* _DIRECTIONS FOR THIS TASK_: For the records below, output each line exactly as it appears, from the first through the line with "for name, color, linetype in".

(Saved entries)
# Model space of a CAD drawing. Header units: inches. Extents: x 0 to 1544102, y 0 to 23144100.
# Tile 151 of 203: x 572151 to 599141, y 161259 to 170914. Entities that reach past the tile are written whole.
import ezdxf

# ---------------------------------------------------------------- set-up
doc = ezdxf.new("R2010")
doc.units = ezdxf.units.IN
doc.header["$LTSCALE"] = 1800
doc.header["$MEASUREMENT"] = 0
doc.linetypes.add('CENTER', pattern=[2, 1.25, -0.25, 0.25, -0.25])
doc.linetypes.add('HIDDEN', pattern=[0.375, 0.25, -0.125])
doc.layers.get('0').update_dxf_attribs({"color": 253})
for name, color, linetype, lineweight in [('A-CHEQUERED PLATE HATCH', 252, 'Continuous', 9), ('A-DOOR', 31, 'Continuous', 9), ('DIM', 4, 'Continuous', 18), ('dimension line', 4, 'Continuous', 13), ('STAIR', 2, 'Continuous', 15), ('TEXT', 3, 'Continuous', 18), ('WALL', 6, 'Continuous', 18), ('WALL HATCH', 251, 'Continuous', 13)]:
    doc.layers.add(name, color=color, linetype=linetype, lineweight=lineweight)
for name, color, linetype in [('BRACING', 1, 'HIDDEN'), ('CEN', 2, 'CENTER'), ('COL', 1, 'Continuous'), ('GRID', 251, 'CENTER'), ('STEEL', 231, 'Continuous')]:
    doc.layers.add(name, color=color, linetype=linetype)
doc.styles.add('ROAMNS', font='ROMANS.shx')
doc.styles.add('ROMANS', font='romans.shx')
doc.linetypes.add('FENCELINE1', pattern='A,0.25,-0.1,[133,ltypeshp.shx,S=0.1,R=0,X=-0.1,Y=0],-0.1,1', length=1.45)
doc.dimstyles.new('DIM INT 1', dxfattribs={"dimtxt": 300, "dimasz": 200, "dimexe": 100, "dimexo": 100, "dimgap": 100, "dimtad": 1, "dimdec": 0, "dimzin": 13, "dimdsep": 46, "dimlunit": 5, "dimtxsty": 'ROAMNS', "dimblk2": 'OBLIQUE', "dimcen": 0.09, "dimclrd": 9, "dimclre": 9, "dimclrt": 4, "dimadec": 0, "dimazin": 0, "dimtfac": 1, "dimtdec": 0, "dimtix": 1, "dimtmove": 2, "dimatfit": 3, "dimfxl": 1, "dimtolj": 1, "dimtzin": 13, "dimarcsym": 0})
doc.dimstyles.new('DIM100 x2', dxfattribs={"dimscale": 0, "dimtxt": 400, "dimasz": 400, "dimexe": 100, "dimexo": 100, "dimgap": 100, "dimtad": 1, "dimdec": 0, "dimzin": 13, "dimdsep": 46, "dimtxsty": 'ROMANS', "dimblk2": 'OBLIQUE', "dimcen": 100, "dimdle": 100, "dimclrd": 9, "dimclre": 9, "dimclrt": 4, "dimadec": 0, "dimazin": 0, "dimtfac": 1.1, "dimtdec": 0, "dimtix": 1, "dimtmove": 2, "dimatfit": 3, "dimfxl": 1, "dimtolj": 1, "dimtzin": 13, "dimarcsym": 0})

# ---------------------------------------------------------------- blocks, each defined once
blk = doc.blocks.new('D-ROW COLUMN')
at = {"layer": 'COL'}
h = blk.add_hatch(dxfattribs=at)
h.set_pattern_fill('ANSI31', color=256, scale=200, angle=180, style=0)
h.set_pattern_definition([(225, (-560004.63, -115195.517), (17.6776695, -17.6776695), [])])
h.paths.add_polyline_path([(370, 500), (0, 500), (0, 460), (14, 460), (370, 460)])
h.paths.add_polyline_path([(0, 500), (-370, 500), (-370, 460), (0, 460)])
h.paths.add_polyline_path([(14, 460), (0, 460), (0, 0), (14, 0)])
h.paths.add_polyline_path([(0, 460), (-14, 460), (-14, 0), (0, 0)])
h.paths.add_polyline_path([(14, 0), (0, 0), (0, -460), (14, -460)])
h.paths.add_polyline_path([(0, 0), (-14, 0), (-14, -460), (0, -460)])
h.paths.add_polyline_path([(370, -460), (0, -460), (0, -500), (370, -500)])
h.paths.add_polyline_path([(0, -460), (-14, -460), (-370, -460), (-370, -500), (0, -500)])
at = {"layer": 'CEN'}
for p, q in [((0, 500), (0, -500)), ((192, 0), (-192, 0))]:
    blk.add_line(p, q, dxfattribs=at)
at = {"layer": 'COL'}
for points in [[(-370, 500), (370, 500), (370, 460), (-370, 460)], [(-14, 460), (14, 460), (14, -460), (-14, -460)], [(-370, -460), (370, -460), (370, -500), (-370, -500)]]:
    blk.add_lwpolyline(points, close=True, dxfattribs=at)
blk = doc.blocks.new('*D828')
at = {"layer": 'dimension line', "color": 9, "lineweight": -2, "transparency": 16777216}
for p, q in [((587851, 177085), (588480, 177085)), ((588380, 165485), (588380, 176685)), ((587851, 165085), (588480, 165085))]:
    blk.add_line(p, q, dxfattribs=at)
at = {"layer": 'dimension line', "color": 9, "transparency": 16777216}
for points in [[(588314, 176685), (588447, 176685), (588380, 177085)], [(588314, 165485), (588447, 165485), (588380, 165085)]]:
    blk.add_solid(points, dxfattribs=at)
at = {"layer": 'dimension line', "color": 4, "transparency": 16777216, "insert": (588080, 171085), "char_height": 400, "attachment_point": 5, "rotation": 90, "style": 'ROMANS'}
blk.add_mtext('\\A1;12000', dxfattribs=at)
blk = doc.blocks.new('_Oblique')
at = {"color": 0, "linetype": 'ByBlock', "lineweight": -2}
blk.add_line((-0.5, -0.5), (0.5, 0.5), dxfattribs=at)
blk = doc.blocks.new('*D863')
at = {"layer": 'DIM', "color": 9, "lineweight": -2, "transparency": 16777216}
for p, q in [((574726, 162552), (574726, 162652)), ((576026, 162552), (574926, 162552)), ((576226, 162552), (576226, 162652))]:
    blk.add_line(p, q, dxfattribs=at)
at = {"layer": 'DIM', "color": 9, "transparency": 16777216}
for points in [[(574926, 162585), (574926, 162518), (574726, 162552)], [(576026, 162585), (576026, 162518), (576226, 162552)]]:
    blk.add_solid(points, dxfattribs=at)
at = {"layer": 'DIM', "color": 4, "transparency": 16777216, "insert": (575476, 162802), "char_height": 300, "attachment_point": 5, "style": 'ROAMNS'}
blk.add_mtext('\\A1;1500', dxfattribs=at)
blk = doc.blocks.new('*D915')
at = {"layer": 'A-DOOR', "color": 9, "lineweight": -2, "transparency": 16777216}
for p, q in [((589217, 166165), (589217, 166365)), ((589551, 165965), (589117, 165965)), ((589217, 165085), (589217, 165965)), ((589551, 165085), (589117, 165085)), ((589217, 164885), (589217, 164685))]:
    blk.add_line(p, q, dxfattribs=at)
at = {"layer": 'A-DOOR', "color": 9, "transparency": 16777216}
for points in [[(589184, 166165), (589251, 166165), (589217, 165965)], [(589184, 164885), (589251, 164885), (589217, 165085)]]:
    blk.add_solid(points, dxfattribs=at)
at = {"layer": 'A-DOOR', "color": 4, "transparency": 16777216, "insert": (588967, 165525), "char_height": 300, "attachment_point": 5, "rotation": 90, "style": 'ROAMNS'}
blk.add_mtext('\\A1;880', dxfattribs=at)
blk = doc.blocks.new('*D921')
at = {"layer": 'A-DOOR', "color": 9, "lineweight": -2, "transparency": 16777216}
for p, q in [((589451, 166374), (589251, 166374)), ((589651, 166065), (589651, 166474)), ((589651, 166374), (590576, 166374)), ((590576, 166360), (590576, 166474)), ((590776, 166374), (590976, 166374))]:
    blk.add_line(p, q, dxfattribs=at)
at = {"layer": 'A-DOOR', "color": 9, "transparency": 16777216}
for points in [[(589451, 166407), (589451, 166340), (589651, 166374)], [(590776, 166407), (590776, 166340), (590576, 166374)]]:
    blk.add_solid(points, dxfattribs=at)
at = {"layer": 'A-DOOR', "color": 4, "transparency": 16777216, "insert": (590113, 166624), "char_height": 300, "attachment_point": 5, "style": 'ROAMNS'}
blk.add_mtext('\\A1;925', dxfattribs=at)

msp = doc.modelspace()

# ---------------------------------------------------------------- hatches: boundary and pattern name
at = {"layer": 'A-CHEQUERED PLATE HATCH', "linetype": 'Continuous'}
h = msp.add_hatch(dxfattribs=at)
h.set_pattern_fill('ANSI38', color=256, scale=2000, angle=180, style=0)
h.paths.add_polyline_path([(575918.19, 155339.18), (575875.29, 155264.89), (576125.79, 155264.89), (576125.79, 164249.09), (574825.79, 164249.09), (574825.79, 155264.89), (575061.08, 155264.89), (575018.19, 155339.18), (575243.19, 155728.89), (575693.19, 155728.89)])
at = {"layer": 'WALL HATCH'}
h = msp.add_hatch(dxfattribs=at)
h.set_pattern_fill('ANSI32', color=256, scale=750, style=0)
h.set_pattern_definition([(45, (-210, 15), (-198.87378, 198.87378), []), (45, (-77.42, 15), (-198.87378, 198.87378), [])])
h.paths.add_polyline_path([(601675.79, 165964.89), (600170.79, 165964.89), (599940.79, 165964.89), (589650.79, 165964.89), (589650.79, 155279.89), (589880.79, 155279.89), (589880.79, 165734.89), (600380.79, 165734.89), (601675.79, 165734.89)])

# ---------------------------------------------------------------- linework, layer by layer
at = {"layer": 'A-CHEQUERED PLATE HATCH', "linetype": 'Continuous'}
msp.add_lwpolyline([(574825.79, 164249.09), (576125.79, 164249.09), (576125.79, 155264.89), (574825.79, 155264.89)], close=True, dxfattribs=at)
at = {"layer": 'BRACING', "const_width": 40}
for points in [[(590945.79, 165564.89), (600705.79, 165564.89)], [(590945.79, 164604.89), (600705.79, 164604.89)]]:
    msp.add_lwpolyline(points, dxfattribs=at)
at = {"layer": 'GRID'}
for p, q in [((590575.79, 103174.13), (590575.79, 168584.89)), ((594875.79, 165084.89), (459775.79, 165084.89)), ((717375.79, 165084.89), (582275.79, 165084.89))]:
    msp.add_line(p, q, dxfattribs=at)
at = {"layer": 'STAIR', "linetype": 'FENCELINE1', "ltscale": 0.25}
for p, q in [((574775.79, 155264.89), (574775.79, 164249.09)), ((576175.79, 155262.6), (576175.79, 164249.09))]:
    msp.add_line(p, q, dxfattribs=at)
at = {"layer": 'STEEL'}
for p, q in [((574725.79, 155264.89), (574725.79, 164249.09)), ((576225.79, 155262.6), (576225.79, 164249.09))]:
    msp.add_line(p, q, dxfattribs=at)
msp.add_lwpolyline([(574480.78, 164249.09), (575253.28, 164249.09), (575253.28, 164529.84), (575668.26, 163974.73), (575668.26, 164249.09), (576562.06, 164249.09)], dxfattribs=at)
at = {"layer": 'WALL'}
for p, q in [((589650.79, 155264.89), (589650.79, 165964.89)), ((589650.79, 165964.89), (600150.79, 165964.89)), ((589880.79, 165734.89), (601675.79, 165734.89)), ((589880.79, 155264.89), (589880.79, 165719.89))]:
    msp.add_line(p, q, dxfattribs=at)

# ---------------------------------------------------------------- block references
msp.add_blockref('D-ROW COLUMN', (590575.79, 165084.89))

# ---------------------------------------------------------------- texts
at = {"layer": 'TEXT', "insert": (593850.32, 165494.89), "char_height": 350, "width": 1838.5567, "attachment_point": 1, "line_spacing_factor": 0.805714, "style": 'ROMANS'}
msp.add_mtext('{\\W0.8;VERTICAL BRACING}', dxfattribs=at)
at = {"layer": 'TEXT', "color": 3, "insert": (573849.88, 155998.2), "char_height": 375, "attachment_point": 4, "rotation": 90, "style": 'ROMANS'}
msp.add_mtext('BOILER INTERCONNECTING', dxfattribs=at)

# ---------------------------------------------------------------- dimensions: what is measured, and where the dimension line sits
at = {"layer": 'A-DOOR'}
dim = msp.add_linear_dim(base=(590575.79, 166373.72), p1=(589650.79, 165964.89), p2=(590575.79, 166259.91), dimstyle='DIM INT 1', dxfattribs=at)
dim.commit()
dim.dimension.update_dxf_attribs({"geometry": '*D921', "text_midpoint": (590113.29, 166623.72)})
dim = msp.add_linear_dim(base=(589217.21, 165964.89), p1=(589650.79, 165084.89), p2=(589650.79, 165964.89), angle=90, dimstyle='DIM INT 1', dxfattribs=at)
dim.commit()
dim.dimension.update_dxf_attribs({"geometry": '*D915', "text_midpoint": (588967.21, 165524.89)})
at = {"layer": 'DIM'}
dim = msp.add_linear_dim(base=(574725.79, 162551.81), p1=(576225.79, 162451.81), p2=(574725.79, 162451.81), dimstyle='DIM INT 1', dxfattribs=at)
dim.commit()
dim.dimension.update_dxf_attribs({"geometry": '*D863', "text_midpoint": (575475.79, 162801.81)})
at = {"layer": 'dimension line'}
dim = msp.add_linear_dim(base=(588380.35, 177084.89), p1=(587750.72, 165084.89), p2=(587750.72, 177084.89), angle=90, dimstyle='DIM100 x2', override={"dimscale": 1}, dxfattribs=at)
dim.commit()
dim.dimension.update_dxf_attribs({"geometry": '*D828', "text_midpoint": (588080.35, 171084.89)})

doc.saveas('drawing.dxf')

* _RESULT_:
# Model space of a CAD drawing. Header units: inches. Extents: x 0 to 1544102, y 0 to 23144100.
# Tile 151 of 203: x 572151 to 599141, y 161259 to 170914. Entities that reach past the tile are written whole.
import ezdxf

# ---------------------------------------------------------------- set-up
doc = ezdxf.new("R2010")
doc.units = ezdxf.units.IN
doc.header["$LTSCALE"] = 1800
doc.header["$MEASUREMENT"] = 0
doc.linetypes.add('CENTER', pattern=[2, 1.25, -0.25, 0.25, -0.25])
doc.linetypes.add('HIDDEN', pattern=[0.375, 0.25, -0.125])
doc.layers.get('0').update_dxf_attribs({"color": 253})
for name, color, linetype, lineweight in [('A-CHEQUERED PLATE HATCH', 252, 'Continuous', 9), ('A-DOOR', 31, 'Continuous', 9), ('DIM', 4, 'Continuous', 18), ('dimension line', 4, 'Continuous', 13), ('STAIR', 2, 'Continuous', 15), ('TEXT', 3, 'Continuous', 18), ('WALL', 6, 'Continuous', 18), ('WALL HATCH', 251, 'Continuous', 13)]:
    doc.layers.add(name, color=color, linetype=linetype, lineweight=lineweight)
for name, color, linetype in [('BRACING', 1, 'HIDDEN'), ('CEN', 2, 'CENTER'), ('COL', 1, 'Continuous'), ('GRID', 251, 'CENTER'), ('STEEL', 231, 'Continuous')]:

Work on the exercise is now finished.